Like this quote about her hospital experience:

The little girl who walked through the door nervously holding her father’s hand, who scrambled up on to the hospital bed and threw herself on top of me in a wholehearted embrace, was not the child I’d said goodbye to just two days before. A bizarre metamorphosis had occurred. Crazy and irrational as it sounds, she suddenly seemed huge to me. No longer a little girl at all, no longer my baby – but an enormous overgrown child I barely recognised.

And this one:

It was acutely distressing to find our relationship so radically and horribly altered in this way. It was like walking into a favourite room to find everything in it had been rearranged. Nothing was where I expected it or how I wanted it. I wandered through this skewed landscape in a state of agonised disorientation, lost and mapless.

It was comforting to know that someone else had felt this way, but overwhelming and hurtful to admit these feelings to myself. The feelings themselves were terrible — the admission of the feelings was even worse. I bookmarked the article and had B read it. I knew the first step was to rally the team and get help to figure this out. I didn’t want to be like Abrams and look back 12 years later with regret. I wanted to figure out how to get past this.

B was great. He acknowledged my feelings and helped me talk through it. He siad, “Boss, I think you are just going to have to ‘Fake it Till You Make it’ — the more that Sprocket picks up on your frustration, the more he is going to act out, which is just going to make it worse.” He also pointed out that Sprocket was in a very trying time in his development and that all parents probably feel a little distance and frustration with their two year old, regardless of the arrival of a new baby.
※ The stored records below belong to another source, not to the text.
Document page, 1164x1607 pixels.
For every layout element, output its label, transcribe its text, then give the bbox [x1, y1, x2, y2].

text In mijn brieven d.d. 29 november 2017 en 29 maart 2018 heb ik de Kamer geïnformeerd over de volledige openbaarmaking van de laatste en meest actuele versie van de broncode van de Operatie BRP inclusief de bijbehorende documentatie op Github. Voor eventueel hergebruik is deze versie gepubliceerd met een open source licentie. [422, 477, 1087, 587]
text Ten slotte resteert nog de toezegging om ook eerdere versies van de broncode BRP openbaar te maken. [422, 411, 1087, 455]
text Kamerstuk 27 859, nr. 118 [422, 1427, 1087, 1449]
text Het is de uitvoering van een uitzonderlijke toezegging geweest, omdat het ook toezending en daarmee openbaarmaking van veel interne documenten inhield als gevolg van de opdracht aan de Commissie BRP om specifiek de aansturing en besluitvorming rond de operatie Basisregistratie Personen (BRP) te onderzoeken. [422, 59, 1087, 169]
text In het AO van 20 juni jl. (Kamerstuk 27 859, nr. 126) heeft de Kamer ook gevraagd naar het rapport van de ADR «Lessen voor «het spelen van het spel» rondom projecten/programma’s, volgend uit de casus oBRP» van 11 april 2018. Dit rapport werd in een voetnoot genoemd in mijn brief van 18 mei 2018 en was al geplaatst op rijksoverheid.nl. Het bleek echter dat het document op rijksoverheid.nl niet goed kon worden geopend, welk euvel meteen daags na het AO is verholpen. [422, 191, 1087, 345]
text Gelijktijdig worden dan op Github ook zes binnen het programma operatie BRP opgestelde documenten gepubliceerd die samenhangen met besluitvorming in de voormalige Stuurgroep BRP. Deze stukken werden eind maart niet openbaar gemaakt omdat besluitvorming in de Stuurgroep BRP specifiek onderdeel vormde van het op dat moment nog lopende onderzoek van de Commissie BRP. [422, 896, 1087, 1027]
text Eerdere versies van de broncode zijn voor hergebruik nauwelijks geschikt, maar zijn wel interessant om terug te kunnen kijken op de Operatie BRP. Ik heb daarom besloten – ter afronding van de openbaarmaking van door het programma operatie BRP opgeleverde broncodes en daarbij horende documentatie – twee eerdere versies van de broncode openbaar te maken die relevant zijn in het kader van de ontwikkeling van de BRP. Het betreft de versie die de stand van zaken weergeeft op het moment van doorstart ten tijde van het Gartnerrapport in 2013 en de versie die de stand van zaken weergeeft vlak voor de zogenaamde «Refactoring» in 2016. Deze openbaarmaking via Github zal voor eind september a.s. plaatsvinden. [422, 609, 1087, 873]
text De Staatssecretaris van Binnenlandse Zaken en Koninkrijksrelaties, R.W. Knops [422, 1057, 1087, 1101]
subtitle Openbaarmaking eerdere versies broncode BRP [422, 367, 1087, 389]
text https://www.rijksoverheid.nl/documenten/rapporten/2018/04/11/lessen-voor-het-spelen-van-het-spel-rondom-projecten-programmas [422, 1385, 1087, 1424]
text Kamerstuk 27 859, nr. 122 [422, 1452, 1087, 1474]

The next day, I went on a walk with the kids and Sprocket was riding his bike. He has really just realized how to glide on his Strider and I was marveling at his progress. I felt my heart beaming with pride — and realized it was the first authentic and true emotion I had felt toward Sprocket in a few days. So, I clung to it. I held on for dear life to the one emotion that could pull me through the fog of numbness that I had been feeling.

I spent the next few days trying to find pride in things that he did. It felt like the pride was an invisible string that was attached to the adoration that I knew was there, but just couldn’t find.
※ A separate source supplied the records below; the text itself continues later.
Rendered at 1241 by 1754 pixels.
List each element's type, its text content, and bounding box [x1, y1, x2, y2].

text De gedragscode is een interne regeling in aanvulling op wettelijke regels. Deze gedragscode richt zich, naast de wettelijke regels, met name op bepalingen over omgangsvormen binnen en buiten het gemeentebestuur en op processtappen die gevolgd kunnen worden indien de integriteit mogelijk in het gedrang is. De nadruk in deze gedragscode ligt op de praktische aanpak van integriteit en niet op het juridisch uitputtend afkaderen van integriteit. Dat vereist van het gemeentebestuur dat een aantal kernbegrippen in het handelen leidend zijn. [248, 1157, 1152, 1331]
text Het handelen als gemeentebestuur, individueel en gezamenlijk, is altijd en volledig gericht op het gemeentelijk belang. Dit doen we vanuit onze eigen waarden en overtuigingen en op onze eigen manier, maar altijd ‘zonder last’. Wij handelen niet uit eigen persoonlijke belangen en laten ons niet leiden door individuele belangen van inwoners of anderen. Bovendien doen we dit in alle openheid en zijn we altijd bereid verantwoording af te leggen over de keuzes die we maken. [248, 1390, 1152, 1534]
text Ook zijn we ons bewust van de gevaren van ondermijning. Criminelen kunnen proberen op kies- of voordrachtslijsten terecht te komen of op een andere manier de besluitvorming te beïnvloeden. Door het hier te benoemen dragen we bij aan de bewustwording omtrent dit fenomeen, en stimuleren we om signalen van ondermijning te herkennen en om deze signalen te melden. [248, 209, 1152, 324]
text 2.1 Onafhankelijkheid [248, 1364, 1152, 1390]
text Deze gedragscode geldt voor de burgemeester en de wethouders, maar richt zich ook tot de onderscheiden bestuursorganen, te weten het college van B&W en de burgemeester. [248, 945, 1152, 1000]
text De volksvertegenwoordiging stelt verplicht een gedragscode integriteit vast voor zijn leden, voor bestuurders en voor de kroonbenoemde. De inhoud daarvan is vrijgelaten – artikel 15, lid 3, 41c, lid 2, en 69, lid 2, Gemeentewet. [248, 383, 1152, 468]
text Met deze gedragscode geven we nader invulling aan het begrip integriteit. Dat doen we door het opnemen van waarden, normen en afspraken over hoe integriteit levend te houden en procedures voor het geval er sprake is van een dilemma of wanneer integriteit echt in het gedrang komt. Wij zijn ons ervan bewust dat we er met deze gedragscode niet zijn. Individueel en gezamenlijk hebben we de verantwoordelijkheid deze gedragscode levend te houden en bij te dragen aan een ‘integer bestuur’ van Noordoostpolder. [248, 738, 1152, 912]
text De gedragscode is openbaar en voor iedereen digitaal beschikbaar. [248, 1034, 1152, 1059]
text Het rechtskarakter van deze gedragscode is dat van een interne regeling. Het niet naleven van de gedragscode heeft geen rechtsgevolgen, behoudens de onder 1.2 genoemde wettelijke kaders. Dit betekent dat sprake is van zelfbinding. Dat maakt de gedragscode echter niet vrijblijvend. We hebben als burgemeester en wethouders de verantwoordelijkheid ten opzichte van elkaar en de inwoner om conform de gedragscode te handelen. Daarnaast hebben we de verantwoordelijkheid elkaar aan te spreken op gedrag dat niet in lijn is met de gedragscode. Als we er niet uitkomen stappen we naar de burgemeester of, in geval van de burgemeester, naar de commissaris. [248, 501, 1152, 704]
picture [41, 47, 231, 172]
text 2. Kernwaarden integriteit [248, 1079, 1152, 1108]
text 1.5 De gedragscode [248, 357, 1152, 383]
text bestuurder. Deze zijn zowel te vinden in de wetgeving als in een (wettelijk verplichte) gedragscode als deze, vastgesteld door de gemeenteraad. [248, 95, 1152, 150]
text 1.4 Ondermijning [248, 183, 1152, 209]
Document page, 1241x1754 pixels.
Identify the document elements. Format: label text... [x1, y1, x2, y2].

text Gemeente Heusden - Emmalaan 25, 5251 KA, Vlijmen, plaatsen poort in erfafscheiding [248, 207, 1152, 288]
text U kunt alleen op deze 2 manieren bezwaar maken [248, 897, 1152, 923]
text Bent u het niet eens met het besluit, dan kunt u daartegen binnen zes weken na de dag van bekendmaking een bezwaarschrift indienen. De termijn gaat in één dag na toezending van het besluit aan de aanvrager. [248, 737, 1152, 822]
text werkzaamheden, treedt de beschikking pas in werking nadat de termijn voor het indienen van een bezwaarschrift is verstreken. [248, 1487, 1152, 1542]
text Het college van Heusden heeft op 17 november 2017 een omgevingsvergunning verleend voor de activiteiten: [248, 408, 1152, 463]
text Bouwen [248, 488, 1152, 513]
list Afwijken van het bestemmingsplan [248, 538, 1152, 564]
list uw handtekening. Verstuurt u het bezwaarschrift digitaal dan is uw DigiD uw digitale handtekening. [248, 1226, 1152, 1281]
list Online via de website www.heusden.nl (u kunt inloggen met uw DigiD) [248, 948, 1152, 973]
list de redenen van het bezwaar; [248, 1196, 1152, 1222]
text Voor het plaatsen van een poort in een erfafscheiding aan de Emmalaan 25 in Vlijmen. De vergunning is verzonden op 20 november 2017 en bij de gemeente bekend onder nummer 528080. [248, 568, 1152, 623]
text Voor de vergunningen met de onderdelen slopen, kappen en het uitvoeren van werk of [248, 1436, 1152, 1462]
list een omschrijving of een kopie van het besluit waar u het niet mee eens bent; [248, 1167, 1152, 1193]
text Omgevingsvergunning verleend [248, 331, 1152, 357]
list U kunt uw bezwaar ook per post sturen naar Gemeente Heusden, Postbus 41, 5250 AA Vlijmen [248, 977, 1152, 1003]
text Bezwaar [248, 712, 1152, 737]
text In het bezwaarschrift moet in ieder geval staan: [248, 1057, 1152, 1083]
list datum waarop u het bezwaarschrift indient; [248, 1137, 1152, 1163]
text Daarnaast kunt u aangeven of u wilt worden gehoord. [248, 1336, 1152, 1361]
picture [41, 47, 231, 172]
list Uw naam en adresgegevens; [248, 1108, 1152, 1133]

Then, about a week ago — a full 2 weeks postpartum, I was putting on Sprocket’s shoes and he said something that made me laugh out loud. I then found myself giving him a big ol’ bear hug and feeling like no hug could ever help him feel how much I loved him.

It was back. I had found it — the primal, no-holds-barred, so-overwhelming-my-heart-could-burst love for my son.
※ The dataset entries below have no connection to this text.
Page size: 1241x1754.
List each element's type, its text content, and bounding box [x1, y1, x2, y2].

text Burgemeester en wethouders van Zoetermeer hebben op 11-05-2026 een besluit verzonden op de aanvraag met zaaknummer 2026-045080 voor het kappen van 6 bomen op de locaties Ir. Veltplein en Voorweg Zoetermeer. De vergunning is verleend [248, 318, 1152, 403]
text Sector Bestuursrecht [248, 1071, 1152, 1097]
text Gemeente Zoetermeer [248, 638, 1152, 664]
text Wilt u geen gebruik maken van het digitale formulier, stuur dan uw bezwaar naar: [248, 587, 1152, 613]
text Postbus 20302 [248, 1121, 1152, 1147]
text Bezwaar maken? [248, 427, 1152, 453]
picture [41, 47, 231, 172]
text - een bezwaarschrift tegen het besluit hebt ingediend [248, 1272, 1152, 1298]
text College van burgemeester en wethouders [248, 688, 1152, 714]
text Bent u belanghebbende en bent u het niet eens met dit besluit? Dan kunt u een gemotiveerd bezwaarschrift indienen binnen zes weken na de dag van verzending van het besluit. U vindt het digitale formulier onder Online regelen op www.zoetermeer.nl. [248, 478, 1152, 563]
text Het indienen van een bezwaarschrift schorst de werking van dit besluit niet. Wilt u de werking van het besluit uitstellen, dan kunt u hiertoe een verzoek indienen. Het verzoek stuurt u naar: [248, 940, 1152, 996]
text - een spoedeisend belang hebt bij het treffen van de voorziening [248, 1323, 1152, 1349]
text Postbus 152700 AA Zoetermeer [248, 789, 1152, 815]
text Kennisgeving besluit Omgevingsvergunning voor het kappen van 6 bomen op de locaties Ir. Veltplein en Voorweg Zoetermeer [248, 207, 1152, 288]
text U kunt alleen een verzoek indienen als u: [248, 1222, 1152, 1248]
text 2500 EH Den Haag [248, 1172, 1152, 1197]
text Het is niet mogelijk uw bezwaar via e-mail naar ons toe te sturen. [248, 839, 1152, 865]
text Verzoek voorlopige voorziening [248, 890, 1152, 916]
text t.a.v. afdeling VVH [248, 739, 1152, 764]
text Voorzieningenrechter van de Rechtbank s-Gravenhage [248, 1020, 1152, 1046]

I will admit, on trying days, it is hard to find again…but we are on our way to being back to normal. In fact, I think I am probably back to the level of adoration that any parent of a crazy, demanding toddler would be.

I don’t think I will ever know the why behind all this — but my scientific mind focuses on two things. Huge fluctuations in hormones and the intrinsic mammalian need to protect my most vulnerable chubby offspring from any threat, even when the threat is in the form of a toddler who thinks bear hugs are an appropriate way to show affection towards a newborn.